20th Mayor of Navotas
- In office June 30, 1998 – May 11, 2000
- Vice Mayor: Toby Tiangco
- Preceded by: Felipe Del Rosario, Jr.
- Succeeded by: Toby Tiangco

Personal details
- Born: July 11, 1929 Philippine Islands
- Died: May 11, 2000 (aged 70) Navotas, Philippines
- Occupation: Naval Architect, Marine Engineer, Shipbuilder, Businessman

= Cipriano Bautista =

Filipino engineer and businessman

Cipriano C. Bautista (July 11, 1929 – May 11, 2000) was a Filipino engineer and businessman who served as the mayor of Navotas.
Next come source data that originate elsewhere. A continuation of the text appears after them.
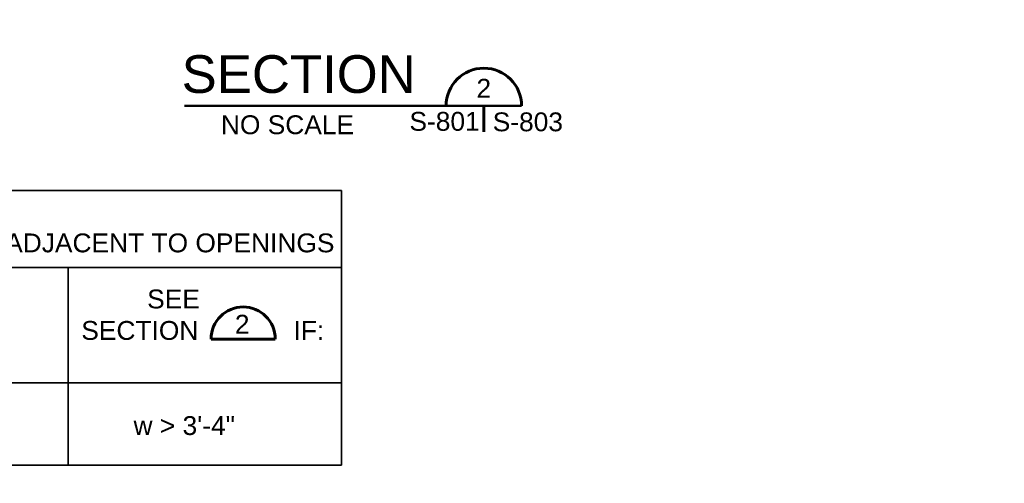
# Model space of a CAD drawing. Extents: x -1004 to 916, y -640 to 704.
# Tile 10 of 21: x -622 to -309, y 314 to 462. Entities that reach past the tile are written whole.
import ezdxf

# ---------------------------------------------------------------- set-up
doc = ezdxf.new("R2010")
doc.units = 0
doc.header["$MEASUREMENT"] = 0
for name, color, linetype, lineweight in [('Level 1', 7, 'Continuous', 18), ('Level 47', 7, 'Continuous', 18), ('Level 49', 7, 'Continuous', 18)]:
    doc.layers.add(name, color=color, linetype=linetype, lineweight=lineweight)
doc.styles.add('BORD', font='romand.shx')
doc.styles.add('NOTES', font='romans.shx')

msp = doc.modelspace()

# ---------------------------------------------------------------- linework, layer by layer
at = {"layer": 'Level 1', "color": 3, "linetype": 'Continuous', "lineweight": 35}
msp.add_3dface([(-1003.74, 704.14), (916.28, 704.14), (916.28, -639.88), (-1003.74, -639.88)], dxfattribs=at)
at = {"layer": 'Level 47', "color": 30, "linetype": 'Continuous', "lineweight": 50}
msp.add_line((-569.72, 434.54), (-462.49, 434.54), dxfattribs=at)
at = {"layer": 'Level 47', "color": 30, "linetype": 'Continuous', "lineweight": 60}
msp.add_line((-474.5, 434.54), (-474.5, 426.28), dxfattribs=at)
msp.add_arc((-474.49, 434.55), 12, 0, 180, dxfattribs=at)
at = {"layer": 'Level 49', "color": 1, "linetype": 'Continuous', "lineweight": 35}
for p, q in [((-519.83, 407.64), (-772.32, 407.64)), ((-519.83, 407.64), (-519.83, 320.23)), ((-519.83, 383.08), (-772.32, 383.08)), ((-606.8, 383.08), (-606.8, 320.23)), ((-519.83, 346.45), (-772.32, 346.45)), ((-519.83, 320.23), (-772.32, 320.23))]:
    msp.add_line(p, q, dxfattribs=at)
at = {"layer": 'Level 49', "color": 1, "linetype": 'Continuous', "lineweight": 60}
msp.add_line((-561.29, 360.37), (-540.89, 360.37), dxfattribs=at)
msp.add_arc((-551.07, 360.37), 10.2, 0, 180, dxfattribs=at)

# ---------------------------------------------------------------- texts
at = {"layer": 'Level 47', "color": 30, "linetype": 'Continuous', "lineweight": 60, "insert": (-570.66, 450.68), "char_height": 12, "attachment_point": 1, "line_spacing_factor": 0.600197, "style": 'BORD'}
msp.add_mtext('\\fArial|b0|i0|c0|p39;SECTION', dxfattribs=at)
at = {"layer": 'Level 47', "color": 30, "linetype": 'Continuous', "lineweight": 35, "char_height": 6, "attachment_point": 1, "style": 'NOTES'}
for s, insert, line_spacing_factor in [('\\fArial|b0|i0|c0|p39;2', (-476.83, 443.16), 0.725792), ('\\fArial|b0|i0|c0|p39;S-801', (-498.17, 432.64), 0.728704), ('\\fArial|b0|i0|c0|p39;S-803', (-471.67, 432.48), 0.725792)]:
    msp.add_mtext(s, dxfattribs=dict(at, insert=insert, line_spacing_factor=line_spacing_factor))
at = {"layer": 'Level 47', "color": 12, "linetype": 'Continuous', "lineweight": 25, "insert": (-558.16, 431.56), "char_height": 6, "attachment_point": 1, "line_spacing_factor": 0.725792, "style": 'NOTES'}
msp.add_mtext('\\fArial|b0|i0|c0|p39;NO SCALE', dxfattribs=at)
at = {"layer": 'Level 49', "color": 1, "linetype": 'Continuous', "lineweight": 25, "char_height": 6, "attachment_point": 1, "line_spacing_factor": 0.722892, "style": 'NOTES'}
for s, insert in [('\\fArial|b0|i0|c0|p39;REINFORCING DETAIL FOR CMU ADJACENT TO OPENINGS', (-760.9, 393.96)), ('\\fArial|b0|i0|c0|p39;w > 3\'-4"', (-585.96, 335.83))]:
    msp.add_mtext(s, dxfattribs=dict(at, insert=insert))
at = {"layer": 'Level 49', "color": 1, "linetype": 'Continuous', "lineweight": 25, "insert": (-607.24, 376.11), "char_height": 6, "attachment_point": 1, "style": 'NOTES'}
msp.add_mtext('\\fArial|b0|i0|c0|p39;           SEE\\P  SECTION             IF:', dxfattribs=at)
at = {"layer": 'Level 49', "color": 1, "linetype": 'Continuous', "lineweight": 35, "insert": (-553.71, 368.09), "char_height": 6, "attachment_point": 1, "line_spacing_factor": 0.722892, "style": 'NOTES'}
msp.add_mtext('\\fArial|b0|i0|c0|p39;2', dxfattribs=at)

doc.saveas('drawing.dxf')
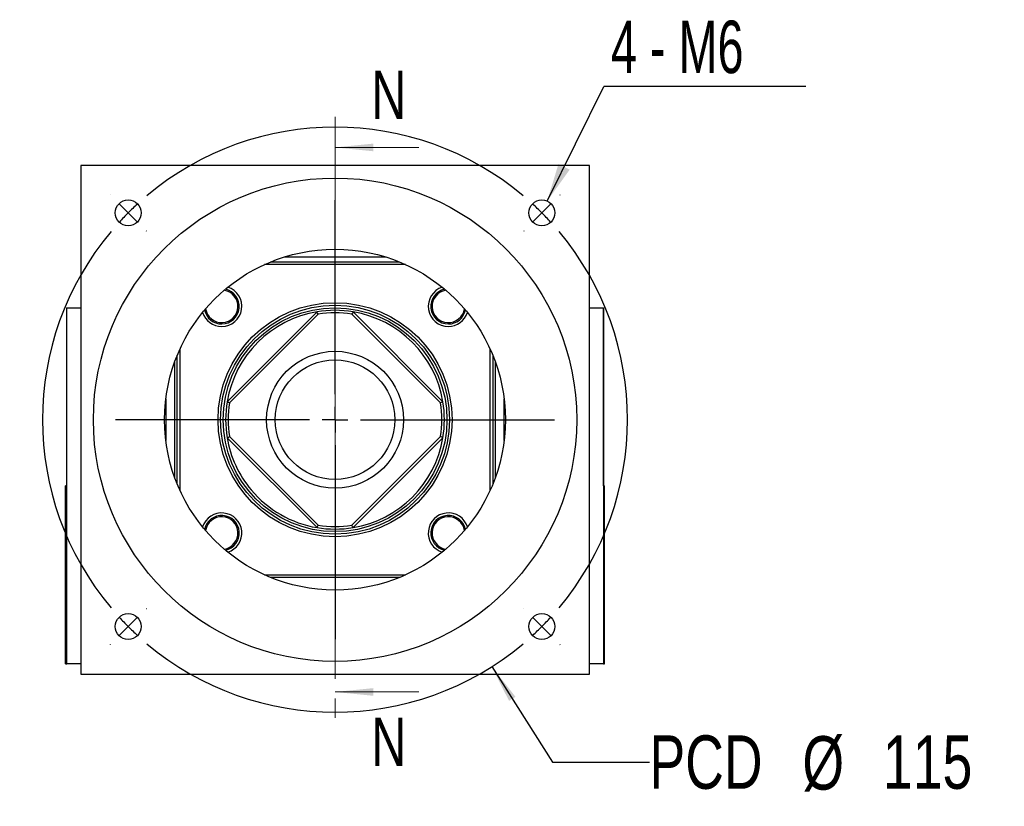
# Model space of a CAD drawing. Header units: millimetres. Extents: x 39 to 266, y 3 to 194.
# Tile 1 of 5: x 42 to 106, y 26 to 78. Entities that reach past the tile are written whole.
import ezdxf

# ---------------------------------------------------------------- set-up
doc = ezdxf.new("R2010")
doc.units = ezdxf.units.MM
doc.linetypes.add('CENTER', pattern=[10.16, 6.35, -1.27, 1.27, -1.27])
doc.layers.add('FORMAT', color=7, linetype='Continuous')
doc.styles.add('SLDTEXTSTYLE0', font='TXT', dxfattribs={"width": 0.75})
doc.styles.add('SLDTEXTSTYLE3', font='TXT', dxfattribs={"width": 0.666667})
doc.dimstyles.new('SLDDIMSTYLE1', dxfattribs={"dimtxt": 3.5, "dimasz": 2.5, "dimexe": 0, "dimexo": 0.0625, "dimgap": 0.875, "dimtad": 0, "dimtih": 1, "dimtoh": 1, "dimlfac": 3, "dimrnd": 1e-09, "dimzin": 12, "dimdsep": 46, "dimtxsty": 'SLDTEXTSTYLE0', "dimblk1": 'NONE', "dimsah": 1, "dimcen": 0, "dimadec": 0, "dimazin": 3, "dimtfac": 1, "dimtmove": 0, "dimatfit": 3, "dimldrblk": 'NONE', "dimfxl": 1, "dimfrac": 2, "dimtolj": 1, "dimtzin": 12, "dimarcsym": 0})
doc.dimstyles.new('SLDDIMSTYLE2', dxfattribs={"dimtxt": 0.18, "dimasz": 2.5, "dimexe": 0, "dimexo": 0.0625, "dimgap": 0, "dimtad": 0, "dimtih": 1, "dimtoh": 1, "dimdec": 0, "dimrnd": 1e-09, "dimzin": 0, "dimdsep": 46, "dimtxsty": 'Standard', "dimsah": 1, "dimcen": 0.09, "dimadec": 0, "dimazin": 0, "dimtfac": 2.5, "dimtdec": 0, "dimtofl": 0, "dimtmove": 0, "dimatfit": 3, "dimfxl": 1, "dimfrac": 2, "dimtolj": 1, "dimtzin": 0, "dimarcsym": 0})

# ---------------------------------------------------------------- blocks, each defined once
blk = doc.blocks.new('_D')
at = {"layer": 'FORMAT', "color": 7}
for p, q in [((72.787, 35.147), (76.765, 28.882)), ((76.765, 28.882), (83.115, 28.882))]:
    blk.add_line(p, q, dxfattribs=at)
blk.add_solid([(72.787, 35.147), (73.916, 32.902), (74.338, 33.17)], dxfattribs=at)
at = {"layer": 'FORMAT', "color": 7, "char_height": 3.5, "attachment_point": 1, "style": 'SLDTEXTSTYLE0'}
for s, insert in [('PCD', (83.115, 30.642)), ('%%c', (93.139, 30.589)), ('115', (98.417, 30.642))]:
    blk.add_mtext(s, dxfattribs=dict(at, insert=insert))
blk = doc.blocks.new('_NONE')
blk = doc.blocks.new('SW_NOTE_0')
at = {"layer": 'FORMAT', "color": 0}
blk.add_line((13.229, 0), (0, 0), dxfattribs=at)
at = {"layer": 'FORMAT', "color": 0, "insert": (0.464, 4.313), "char_height": 3.4396, "attachment_point": 1, "style": 'SLDTEXTSTYLE3'}
blk.add_mtext('4 - M6', dxfattribs=at)
blk = doc.blocks.new('SW_CENTERMARKSYMBOL_0')
at = {"layer": 'FORMAT', "color": 0}
for p, q in [((0, 1.667), (0, 14.386)), ((0, 0), (0, 0.833)), ((-1.667, 0), (-14.386, 0)), ((0, 0), (-0.833, 0)), ((0, 0), (0, -0.833)), ((0, 0), (0.833, 0)), ((1.667, 0), (14.386, 0)), ((0, -1.667), (0, -14.386))]:
    blk.add_line(p, q, dxfattribs=at)
blk = doc.blocks.new('SW_CENTERMARKSYMBOL_1')
at = {"layer": 'FORMAT', "color": 0}
for p, q in [((0, 1.667), (0, 14.386)), ((0, 0), (0, 0.833)), ((-1.667, 0), (-14.386, 0)), ((0, 0), (-0.833, 0)), ((0, 0), (0, -0.833)), ((0, 0), (0.833, 0)), ((1.667, 0), (14.386, 0)), ((0, -1.667), (0, -14.386))]:
    blk.add_line(p, q, dxfattribs=at)
blk = doc.blocks.new('SW_CENTERMARKSYMBOL_2')
at = {"layer": 'FORMAT', "color": 0}
for p, q in [((-28.284, 1.179), (-28.296, 1.19)), ((-13.553, -11.886), (-13.553, 0.833)), ((1.179, 1.179), (1.19, 1.19)), ((-27.106, 0), (-27.695, 0.589)), ((-27.106, 0), (-26.517, -0.589)), ((0, 0), (-0.589, -0.589)), ((0, 0), (0.589, 0.589)), ((-25.927, -1.179), (-25.915, -1.19)), ((-1.179, -1.179), (-1.19, -1.19)), ((-13.553, -13.553), (-13.553, -12.72)), ((-15.22, -13.553), (-27.939, -13.553)), ((-13.553, -13.553), (-14.386, -13.553)), ((-13.553, -13.553), (-13.553, -14.386)), ((-13.553, -13.553), (-12.72, -13.553)), ((-11.886, -13.553), (0.833, -13.553)), ((-13.553, -15.22), (-13.553, -27.939)), ((-25.927, -25.927), (-25.915, -25.915)), ((-1.179, -25.927), (-1.19, -25.915)), ((-27.106, -27.106), (-26.517, -26.517)), ((0, -27.106), (-0.589, -26.517)), ((-27.106, -27.106), (-27.695, -27.695)), ((0, -27.106), (0.589, -27.695)), ((-28.284, -28.284), (-28.296, -28.296)), ((1.179, -28.284), (1.19, -28.296))]:
    blk.add_line(p, q, dxfattribs=at)
for start, end in [(49.98224, 130.01776), (135, 137.49112), (132.50888, 135), (45, 47.49112), (42.50888, 45), (139.98224, 220.01776), (319.98224, 40.01776), (222.50888, 225), (315, 317.49112), (225, 227.49112), (312.50888, 315), (229.98224, 310.01776)]:
    blk.add_arc((-13.553, -13.553), 19.167, start, end, dxfattribs=at)

msp = doc.modelspace()

# ---------------------------------------------------------------- linework, layer by layer
at = {"color": 7, "linetype": 'CENTER', "lineweight": 18}
msp.add_line((62.5134, 71.1673), (62.5134, 31.4873), dxfattribs=at)
at = {"color": 7, "linetype": 'Continuous', "lineweight": 18}
for p, q in [((68.0134, 69.1673), (62.5134, 69.1673)), ((68.0134, 33.4873), (62.5134, 33.4873))]:
    msp.add_line(p, q, dxfattribs=at)
at = {"color": 7, "linetype": 'Continuous', "lineweight": 25}
for p, q in [((79.18, 67.994), (45.8467, 67.994)), ((45.8467, 67.994), (45.8467, 34.6606)), ((79.18, 34.6606), (79.18, 67.994)), ((59.2093, 61.994), (65.8174, 61.994)), ((67.1322, 61.494), (57.8946, 61.494)), ((58.2806, 61.6606), (66.7462, 61.6606)), ((44.9134, 58.6606), (44.9134, 46.994)), ((44.9134, 58.6606), (44.93, 58.6606)), ((44.93, 35.3273), (44.93, 58.6606)), ((44.93, 58.6606), (45.8467, 58.6606)), ((55.4447, 52.5082), (61.3325, 58.396)), ((61.4124, 58.2402), (55.6005, 52.4283)), ((69.4262, 52.4283), (63.6144, 58.2402)), ((63.6942, 58.396), (69.5821, 52.5082)), ((79.18, 58.6606), (80.0967, 58.6606)), ((80.0967, 58.6606), (80.0967, 35.3273)), ((80.0967, 58.6606), (80.1134, 58.6606)), ((80.1134, 46.994), (80.1134, 58.6606)), ((52.18, 47.0945), (52.18, 55.5601)), ((52.3467, 55.9461), (52.3467, 46.7085)), ((72.68, 46.7085), (72.68, 55.9461)), ((72.8467, 55.5601), (72.8467, 47.0945)), ((52.0134, 47.5267), (52.0134, 55.1279)), ((73.0134, 55.1279), (73.0134, 47.5267)), ((61.3325, 44.2586), (55.4447, 50.1464)), ((55.6005, 50.2263), (61.4124, 44.4144)), ((63.6144, 44.4144), (69.4262, 50.2263)), ((69.5821, 50.1464), (63.6942, 44.2586)), ((44.8467, 35.3273), (44.8467, 46.994)), ((44.9134, 46.994), (44.8467, 46.994)), ((80.1134, 46.994), (80.18, 46.994)), ((80.18, 35.3273), (80.18, 46.994)), ((57.8946, 41.1606), (67.1322, 41.1606)), ((66.7462, 40.994), (58.2806, 40.994)), ((44.8467, 35.3273), (44.93, 35.3273)), ((45.8467, 35.3273), (44.93, 35.3273)), ((80.0967, 35.3273), (79.18, 35.3273)), ((80.0967, 35.3273), (80.18, 35.3273)), ((45.8467, 34.6606), (79.18, 34.6606))]:
    msp.add_line(p, q, dxfattribs=at)
at = {"color": 8, "linetype": 'Continuous', "lineweight": 25}
for p, q in [((51.43, 52.689), (51.43, 49.9656)), ((73.5967, 49.9656), (73.5967, 52.689))]:
    msp.add_line(p, q, dxfattribs=at)
at = {"color": 7, "linetype": 'Continuous', "lineweight": 25}
for centre, radius in [((62.5134, 51.3273), 15.8333), ((48.9605, 64.8802), 0.85), ((76.0662, 64.8802), 0.85), ((62.5134, 51.3273), 11.1667), ((62.5134, 51.3273), 7.6667), ((62.5134, 51.3273), 7.5), ((62.5134, 51.3273), 7.3333), ((62.5134, 51.3273), 4.4833), ((62.5134, 51.3273), 3.9167), ((48.9605, 37.7744), 0.85), ((76.0662, 37.7744), 0.85)]:
    msp.add_circle(centre, radius, dxfattribs=at)
for centre, radius, start, end in [((55.0887, 58.7519), 1.3167, 270, 72.36805), ((69.938, 58.7519), 1.3167, 107.63195, 270), ((55.0887, 58.7519), 1.0667, 188.555231, 81.444769), ((55.0887, 58.7519), 1.15, 270, 77.912099), ((69.938, 58.7519), 1.15, 102.087901, 270), ((69.938, 58.7519), 1.0667, 98.555231, 351.444769), ((55.0887, 58.7519), 1.3167, 197.63195, 270), ((55.0887, 58.7519), 1.15, 192.087901, 270), ((62.5134, 51.3273), 7.1667, 99.335143, 170.515984), ((62.5134, 51.3273), 7.1667, 80.515984, 99.484016), ((62.5134, 51.3273), 7, 80.950568, 99.049432), ((62.5134, 51.3273), 7.1667, 9.484016, 80.515984), ((69.938, 58.7519), 1.15, 270, 347.912099), ((69.938, 58.7519), 1.3167, 270, 342.36805), ((62.5134, 51.3273), 7.1667, 170.515984, 189.484016), ((62.5134, 51.3273), 7, 170.950568, 189.049432), ((62.5134, 51.3273), 7, 350.950568, 9.049432), ((62.5134, 51.3273), 7.1667, 350.515984, 9.484016), ((62.5134, 51.3273), 7.1667, 189.484016, 219.945063), ((62.5134, 51.3273), 7.1667, 279.484016, 350.515984), ((62.5134, 51.3273), 7.1667, 219.945063, 260.515984), ((55.0887, 43.9027), 1.3167, 287.63195, 162.36805), ((69.938, 43.9027), 1.3167, 17.63195, 252.36805), ((55.0887, 43.9027), 1.15, 282.087901, 167.912099), ((55.0887, 43.9027), 1.0667, 278.555231, 171.444769), ((69.938, 43.9027), 1.15, 12.087901, 257.912099), ((69.938, 43.9027), 1.0667, 8.555231, 261.444769), ((62.5134, 51.3273), 7.1667, 260.515984, 279.484016), ((62.5134, 51.3273), 7, 260.950568, 279.049432)]:
    msp.add_arc(centre, radius, start, end, dxfattribs=at)
for points in [[(61.4124, 58.2402), (61.3858, 58.2922), (61.3592, 58.3441), (61.3325, 58.396)], [(63.6942, 58.396), (63.6675, 58.3441), (63.6409, 58.2922), (63.6144, 58.2402)], [(55.4447, 52.5082), (55.4965, 52.4815), (55.5485, 52.4548), (55.6005, 52.4283)], [(69.5821, 52.5082), (69.5302, 52.4815), (69.4783, 52.4548), (69.4262, 52.4283)], [(55.4447, 50.1464), (55.4965, 50.1731), (55.5485, 50.1998), (55.6005, 50.2263)], [(69.5821, 50.1464), (69.5302, 50.1731), (69.4783, 50.1998), (69.4262, 50.2263)], [(61.3325, 44.2586), (61.3592, 44.3105), (61.3858, 44.3624), (61.4124, 44.4144)], [(63.6942, 44.2586), (63.6675, 44.3105), (63.6409, 44.3624), (63.6144, 44.4144)]]:
    msp.add_open_spline(points, degree=3, dxfattribs=at)
at = {"color": 7, "linetype": 'Continuous', "lineweight": 18}
for points in [[(62.5134, 69.1673), (65.0134, 68.9173), (65.0134, 69.4173)], [(62.5134, 33.4873), (65.0134, 33.2373), (65.0134, 33.7373)]]:
    msp.add_solid(points, dxfattribs=at)

# ---------------------------------------------------------------- block references
at = {"layer": 'FORMAT', "color": 7}
for name, p in [('SW_NOTE_0', (80.1266, 73.1632)), ('SW_CENTERMARKSYMBOL_2', (76.0662, 64.8802)), ('SW_CENTERMARKSYMBOL_0', (62.5134, 51.3273)), ('SW_CENTERMARKSYMBOL_1', (62.5134, 51.3273))]:
    msp.add_blockref(name, p, dxfattribs=at)

# ---------------------------------------------------------------- texts
at = {"color": 7, "linetype": 'Continuous', "char_height": 3.175, "attachment_point": 1, "style": 'SLDTEXTSTYLE0'}
for insert in [(64.8825, 74.2073), (64.8825, 31.809)]:
    msp.add_mtext('N', dxfattribs=dict(at, insert=insert))

# ---------------------------------------------------------------- dimensions: what is measured, and where the dimension line sits
at = {"layer": 'FORMAT', "color": 7}
dim = msp.add_diameter_dim_2p(p1=(52.2394, 67.5078), p2=(72.7873, 35.1468), text='PCD<>', dimstyle='SLDDIMSTYLE1', dxfattribs=at)
dim.commit()
dim.dimension.update_dxf_attribs({"geometry": '_D', "text_midpoint": (94.6455, 28.8818), "dimtype": 163})

# ---------------------------------------------------------------- leaders
msp.add_leader([(76.4144, 65.6556), (80.1266, 73.1632)], dimstyle='SLDDIMSTYLE2', dxfattribs=at)

doc.saveas('drawing.dxf')

He started his public service as a Barrio Captain and was awarded as Most Outstanding Barrio Captain of the whole province of Rizal in the 1950s when Navotas was still part of the province. He also served as a Municipal Councilor in 1966 while he was a businessman and a shipbuilder. In 1980, he was elected as Vice Mayor of Navotas. Later elected as Municipal Mayor, defeating the wife of the 12-year incumbent mayor Del Rosario, Jr. in 1998. He served his fellow citizens even after he was diagnosed with cancer until his death in 2000.